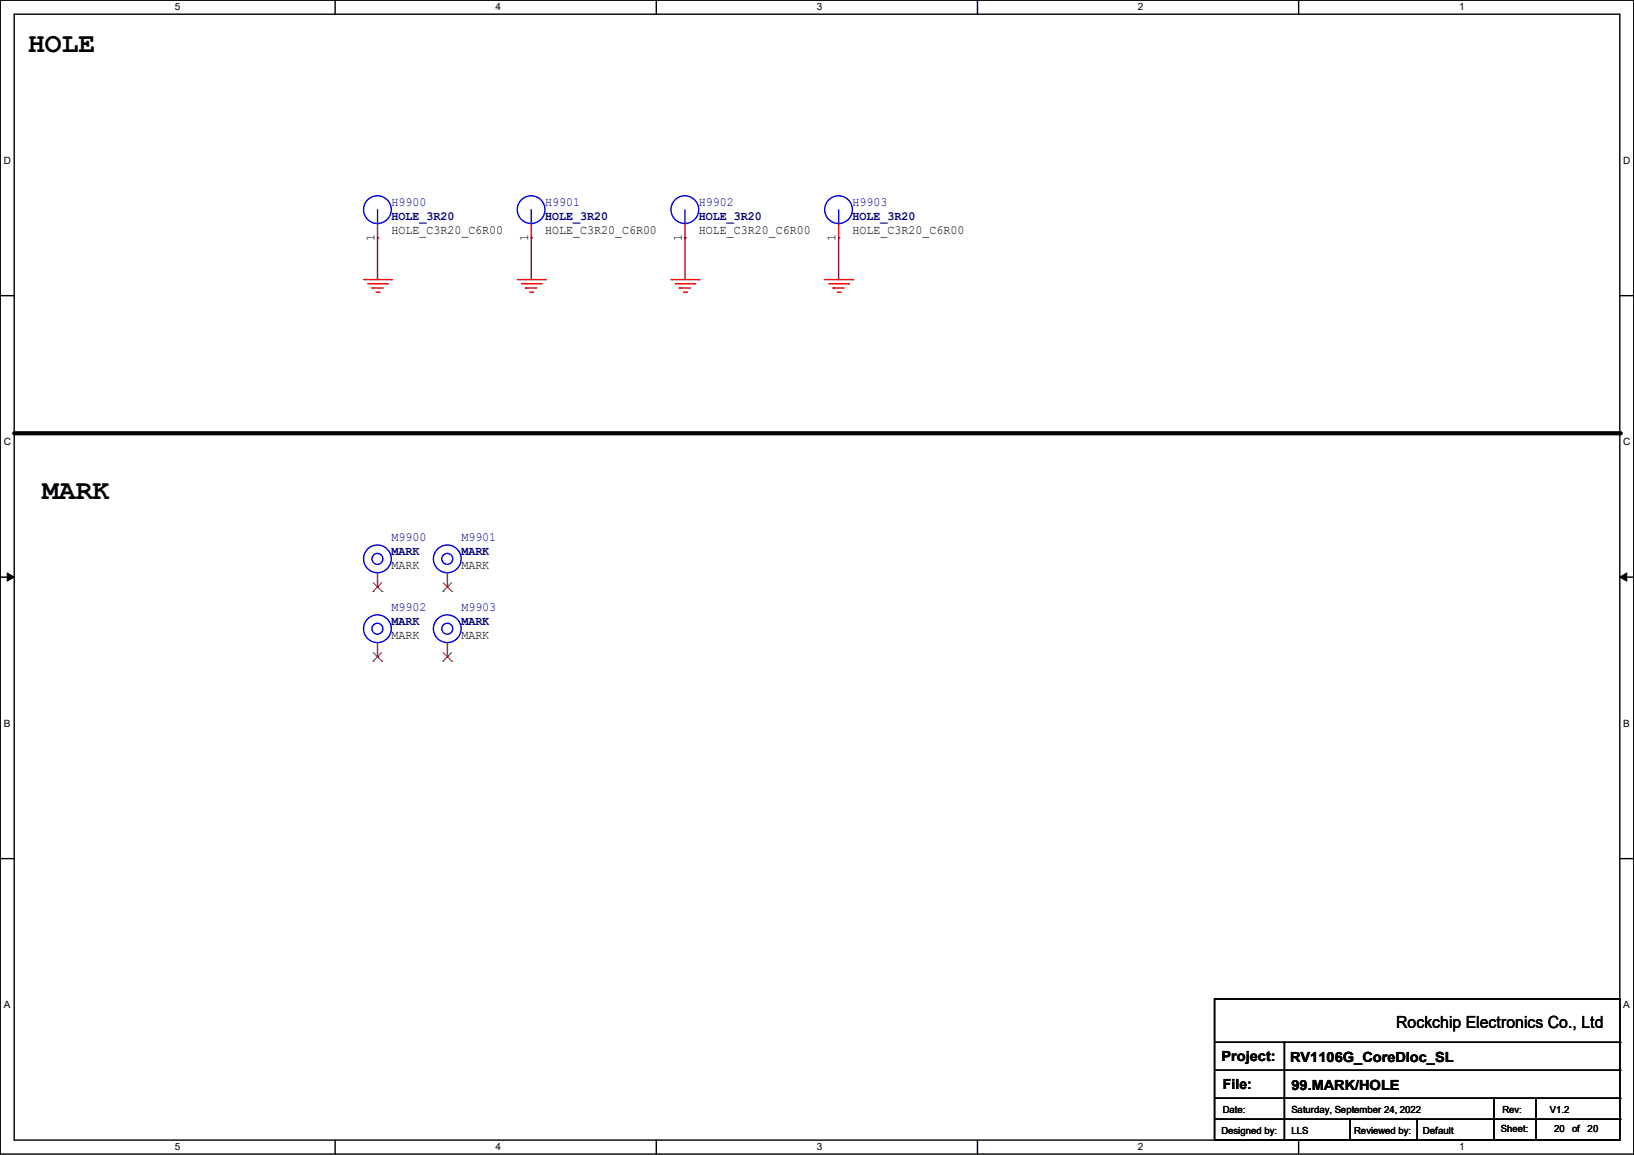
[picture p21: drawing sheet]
<svg xmlns="http://www.w3.org/2000/svg" width="297mm" height="210mm" viewBox="0 0 297 210" stroke-linecap="round" stroke-linejoin="round" font-family="sans-serif">
<defs><g id="words">
<g font-size="5.1">
<text x="5.1" y="9.4">HOLE</text>
<text x="7.7" y="90.7">MARK</text>
</g>
<text font-size="3" x="253.8" y="186.9">Rockchip Electronics Co., Ltd</text>
<g font-size="2.5">
<text x="222" y="192.9">Project:</text>
<text x="222.3" y="198">File:</text>
<text x="234.5" y="193.2">RV1106G_CoreDloc_SL</text>
<text x="234.7" y="198.2">99.MARK/HOLE</text>
</g>
<g font-size="2.3" fill="#000080">
<text x="71.2" y="37.5">H9900</text>
<text x="71.2" y="40">HOLE_3R20</text>
<text x="99.1" y="37.5">H9901</text>
<text x="99.1" y="40">HOLE_3R20</text>
<text x="127" y="37.5">H9902</text>
<text x="127" y="40">HOLE_3R20</text>
<text x="155" y="37.5">H9903</text>
<text x="155" y="40">HOLE_3R20</text>
<text x="71.2" y="98.4">M9900</text>
<text x="71.2" y="101">MARK</text>
<text x="83.9" y="98.4">M9901</text>
<text x="83.9" y="101">MARK</text>
<text x="71.2" y="111.1">M9902</text>
<text x="71.2" y="113.7">MARK</text>
<text x="83.9" y="111.1">M9903</text>
<text x="83.9" y="113.7">MARK</text>
</g>
<g font-size="2.3">
<text x="68.1" y="43.7" transform="rotate(-90 68.1 43.7)">1</text>
<text x="71.2" y="42.5">HOLE_C3R20_C6R00</text>
<text x="96" y="43.7" transform="rotate(-90 96 43.7)">1</text>
<text x="99.1" y="42.5">HOLE_C3R20_C6R00</text>
<text x="124" y="43.7" transform="rotate(-90 124 43.7)">1</text>
<text x="127" y="42.5">HOLE_C3R20_C6R00</text>
<text x="151.9" y="43.7" transform="rotate(-90 151.9 43.7)">1</text>
<text x="155" y="42.5">HOLE_C3R20_C6R00</text>
<text x="71.2" y="103.5">MARK</text>
<text x="83.9" y="103.5">MARK</text>
<text x="71.2" y="116.2">MARK</text>
<text x="83.9" y="116.2">MARK</text>
</g>
<g font-size="1.8">
<text x="31.7" y="1.9">5</text>
<text x="90.1" y="1.9">4</text>
<text x="148.5" y="1.9">3</text>
<text x="206.8" y="1.9">2</text>
<text x="265.2" y="1.9">1</text>
<text x=".7" y="29.8">D</text>
<text x="295.1" y="29.8">D</text>
<text x=".7" y="80.9">C</text>
<text x="295.1" y="80.9">C</text>
<text x=".7" y="132.1">B</text>
<text x="295.1" y="132.1">B</text>
<text x=".7" y="183.3">A</text>
<text x="295.1" y="183.3">A</text>
<text x="222.3" y="202.3">Date:</text>
<text x="234.7" y="202.3">Saturday, September 24, 2022</text>
<text x="273.1" y="202.3">Rev:</text>
<text x="281.7" y="202.3">V1.2</text>
<text x="31.7" y="209.2">5</text>
<text x="90.1" y="209.2">4</text>
<text x="148.5" y="209.2">3</text>
<text x="206.8" y="209.2">2</text>
<text x="222" y="206.1">Designed by:</text>
<text x="234.7" y="206.1">LLS</text>
<text x="246.2" y="206.1">Reviewed by:</text>
<text x="258.6" y="206.1">Default</text>
<text x="265.2" y="209.2">1</text>
<text x="272.8" y="205.9">Sheet:</text>
<text x="282.5" y="205.9">20</text>
<text x="285.7" y="205.9">of</text>
<text x="288.6" y="205.9">20</text>
</g>
</g></defs>
<path d="M0 0h297v209.8h-297zM2.6 2.6h291.8v204.7h-291.8z" fill="none" stroke="#000" stroke-width=".25"/>
<g fill="#fff">
<path d="M31.7 .3h1v2h-1z"/>
<path d="M31.7 207.6h1v1.9h-1z"/>
</g>
<path d="M60.9 0v2.6M60.9 207.3v2.5" fill="none" stroke="#000" stroke-width=".25"/>
<g fill="#fff">
<path d="M90.1 .3h1v2h-1z"/>
<path d="M90.1 207.6h1v1.9h-1z"/>
</g>
<path d="M119.3 0v2.6M119.3 207.3v2.5" fill="none" stroke="#000" stroke-width=".25"/>
<g fill="#fff">
<path d="M148.5 .3h.9v2h-.9z"/>
<path d="M148.5 207.6h.9v1.9h-.9z"/>
</g>
<path d="M177.7 0v2.6M177.7 207.3v2.5" fill="none" stroke="#000" stroke-width=".25"/>
<g fill="#fff">
<path d="M206.8 .3h1v2h-1z"/>
<path d="M206.8 207.6h1v1.9h-1z"/>
</g>
<path d="M236.1 0v2.6M236.1 207.3v2.5" fill="none" stroke="#000" stroke-width=".25"/>
<g fill="#fff">
<path d="M265.2 .3h1v2h-1z"/>
<path d="M265.2 207.6h1v1.9h-1z"/>
<path d="M.7 28.2h1.2v1.9h-1.2z"/>
<path d="M295.1 28.2h1.2v1.9h-1.2z"/>
<path d="M.7 79.3h1.2v2h-1.2z"/>
<path d="M295.1 79.3h1.2v2h-1.2z"/>
</g>
<path d="M0 53.8h2.6M294.4 53.8h2.6" fill="none" stroke="#000" stroke-width=".25"/>
<g fill="#fff">
<path d="M.7 130.5h1.2v2h-1.2z"/>
<path d="M295.1 130.5h1.1v2h-1.1z"/>
</g>
<path d="M0 104.9h2.6M294.4 104.9h2.6" fill="none" stroke="#000" stroke-width=".25"/>
<path d="M1.3 104.2l1.3 .7-1.3 .8zM294.4 104.9l1.3-.7v1.5z" fill="#000" stroke="#000" stroke-width=".18"/>
<g fill="#fff">
<path d="M.7 181.7h1.2v2h-1.2z"/>
<path d="M295.1 181.7h1.1v2h-1.1z"/>
</g>
<g fill="none" stroke="#000" stroke-width=".25">
<path d="M0 156.1h2.6M294.4 156.1h2.6M220.8 181.7h73.6v25.6h-73.6zM220.8 189.5h73.6M220.8 194.6h73.6M220.8 199.7h73.6M233.5 189.5v17.8M271.6 199.7v7.6M279.2 199.7v7.6M294.4 189.5h.1M294.4 194.6h.1M294.4 199.7h.1"/>
<path d="M220.8 203.5h73.6M233.5 207.3h.1M245.4 207.3h.1M245.4 203.5v3.8M257.6 207.3h.1M257.6 203.5v3.8M271.6 207.3h.1M279.2 207.3h.1M294.4 203.5h.1"/>
</g>
<path d="M2.6 78.8h291.8" fill="none" stroke="#000" stroke-width=".76"/>
<circle cx="294.4" cy="78.8" r=".38" fill="#000"/>
<g fill="none" stroke="#f00" stroke-width=".25">
<path d="M66.1 50.8h5.1M66.8 51.6h3.6M67.6 52.4h.1M67.6 52.4h2M68.4 53.1h.5M68.6 43.2h.1M68.6 40.7v2.5M68.9 53.1h.1M70.4 51.6h.1M71.2 50.8h.1M94 50.8h5.1M94.8 51.6h3.5"/>
<path d="M95.5 52.4h.1M95.5 52.4h2.1M96.3 53.1h.5M96.6 43.2h.1M96.6 40.7v2.5M96.8 53.1h.1M98.3 51.6h.1M99.1 50.8h.1M122 50.8h5M122.7 51.6h3.6M123.5 52.4h.1M123.5 52.4h2"/>
<path d="M124.2 53.1h.6M124.5 43.2h.1M124.5 40.7v2.5M124.8 53.1h.1M126.3 51.6h.1M127 50.8h.1M149.9 50.8h5.1M150.7 51.6h3.5M151.4 52.4h.1M151.4 52.4h2.1M152.2 53.1h.5M152.4 43.2h.1"/>
<path d="M152.4 40.7v2.5M152.7 53.1h.1M154.2 51.6h.1M155 50.8h.1M68.6 106.7h.1M68.6 119.4h.1M68.6 104.2v2.5M68.6 116.9v2.5M81.3 106.7h.1M81.3 119.4h.1M81.3 104.2v2.5M81.3 116.9v2.5"/>
</g>
<g fill="none" stroke="#00f" stroke-width=".25">
<path d="M68.6 38.1v2.6M96.6 38.1v2.6M124.5 38.1v2.6M152.4 38.1v2.6M68.6 40.7h.1M96.6 40.7h.1M124.5 40.7h.1M152.4 40.7h.1"/>
<circle cx="68.6" cy="38.1" r="2.52"/>
<circle cx="96.5" cy="38.1" r="2.52"/>
<circle cx="124.5" cy="38.1" r="2.52"/>
<circle cx="152.4" cy="38.1" r="2.52"/>
<circle cx="68.6" cy="101.6" r="2.52"/>
<circle cx="68.6" cy="114.3" r="2.52"/>
<circle cx="68.6" cy="101.6" r=".99"/>
<circle cx="68.6" cy="114.3" r=".99"/>
<circle cx="81.3" cy="114.3" r="2.52"/>
<circle cx="81.3" cy="101.6" r="2.52"/>
<circle cx="81.3" cy="101.6" r=".99"/>
<circle cx="81.3" cy="114.3" r=".99"/>
</g>
<g fill="none" stroke="#804000" stroke-width=".18">
<path d="M67.8 107.5h.1M67.9 106l1.5 1.5M67.9 118.7l1.5 1.5M69.4 106l-1.6 1.5M69.4 118.7l-1.6 1.5M69.4 107.5h.1M80.5 107.5h.1M80.6 118.7l1.5 1.5M80.6 106l1.5 1.5M82.1 106l-1.6 1.5M82.1 118.7l-1.6 1.5M82.1 107.5h.1"/>
<path d="M67.8 120.2h.1M69.4 120.2h.1M80.5 120.2h.1M82.1 120.2h.1"/>
</g>
<path d="M68.6 43.2h.1M68.6 43.2v7.6M96.6 43.2h.1M96.6 43.2v7.6M124.5 43.2h.1M124.5 43.2v7.6M152.4 43.2h.1M152.4 43.2v7.6" fill="none" stroke="#800040" stroke-width=".25"/>
<use href="#words"/>
</svg>

::::::::::

▶ EXERCISE OBJECTIVE
Copy each line above where the string "transform" occurs.

▶ RESPONSE TO THIS TASK
<text x="68.1" y="43.7" transform="rotate(-90 68.1 43.7)">1</text>
<text x="96" y="43.7" transform="rotate(-90 96 43.7)">1</text>
<text x="124" y="43.7" transform="rotate(-90 124 43.7)">1</text>
<text x="151.9" y="43.7" transform="rotate(-90 151.9 43.7)">1</text>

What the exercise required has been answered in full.